* Activity
Only the lines from the one with "[0:00.0-0:04.6]" through the end of the material, both ends included, should be retyped exactly.

* Available records
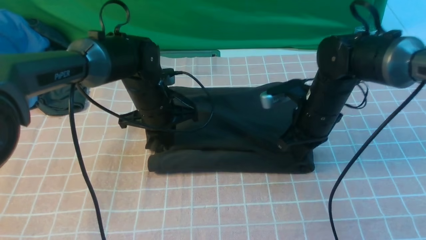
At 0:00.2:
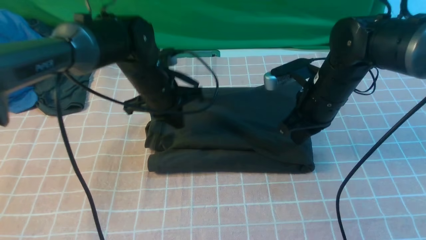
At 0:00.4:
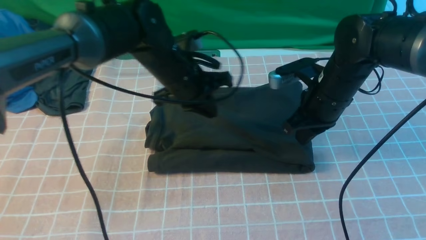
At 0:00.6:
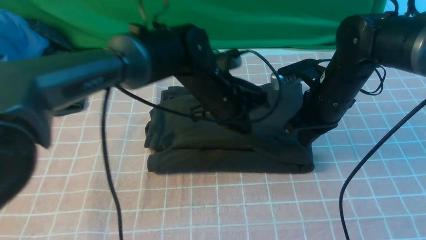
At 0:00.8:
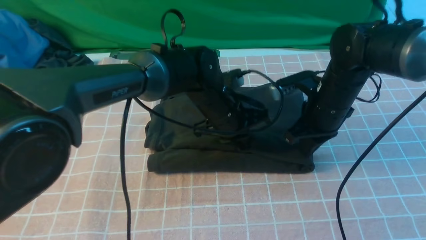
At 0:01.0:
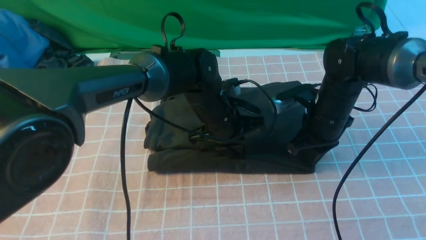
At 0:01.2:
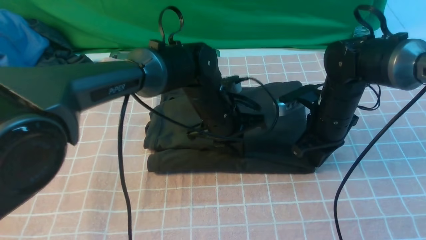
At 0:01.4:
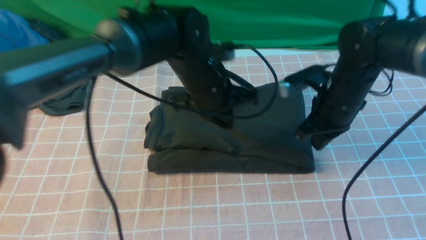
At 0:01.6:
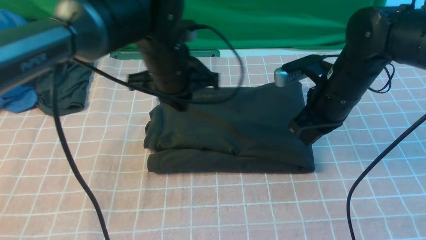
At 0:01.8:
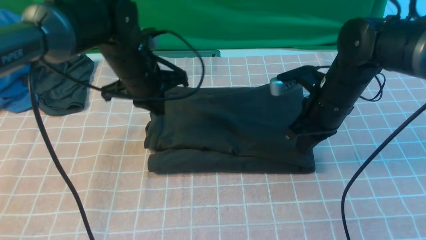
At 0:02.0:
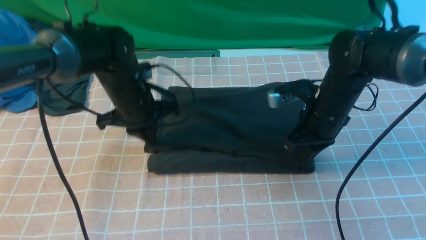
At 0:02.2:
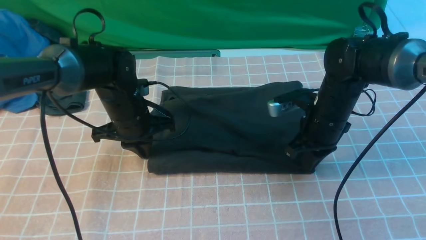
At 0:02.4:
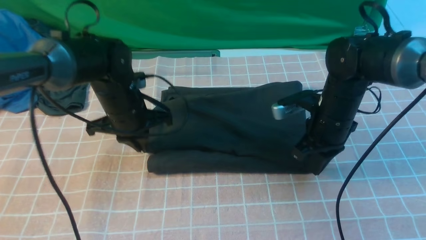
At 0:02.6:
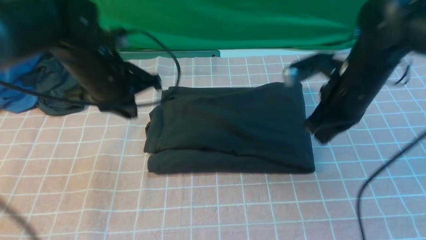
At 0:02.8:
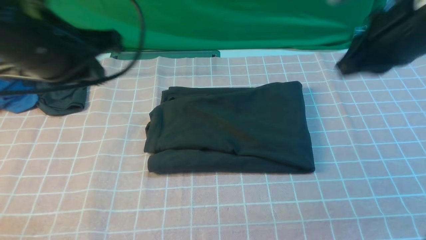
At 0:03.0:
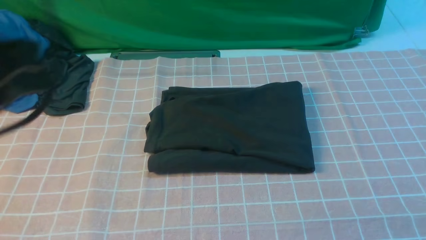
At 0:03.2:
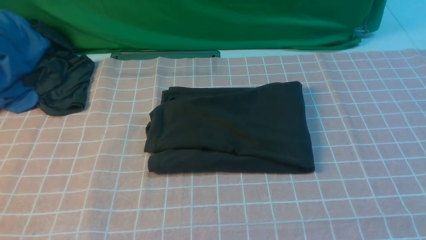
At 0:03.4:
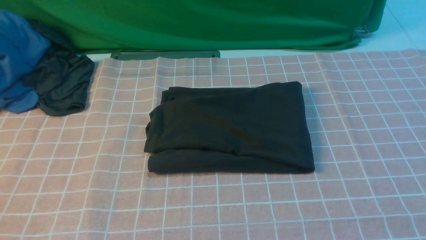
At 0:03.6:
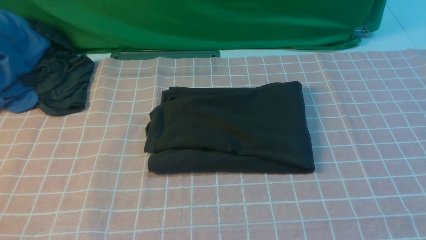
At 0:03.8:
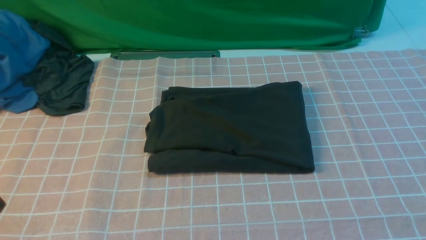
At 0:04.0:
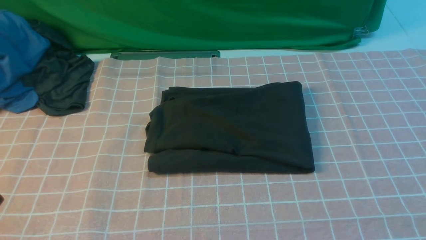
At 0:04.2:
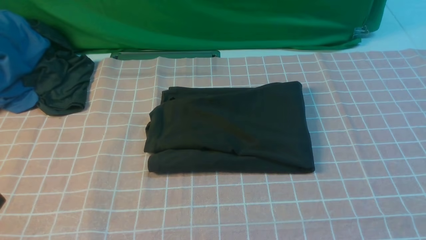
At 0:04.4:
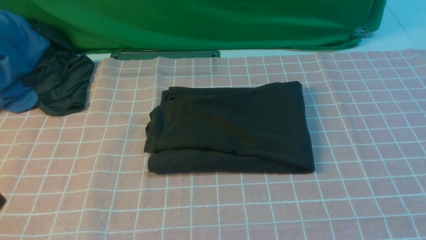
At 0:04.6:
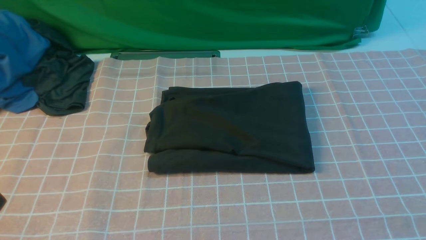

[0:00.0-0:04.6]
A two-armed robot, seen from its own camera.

* Answer to this exercise
[0:00.0-0:04.6]
A two-armed robot, seen from its own camera.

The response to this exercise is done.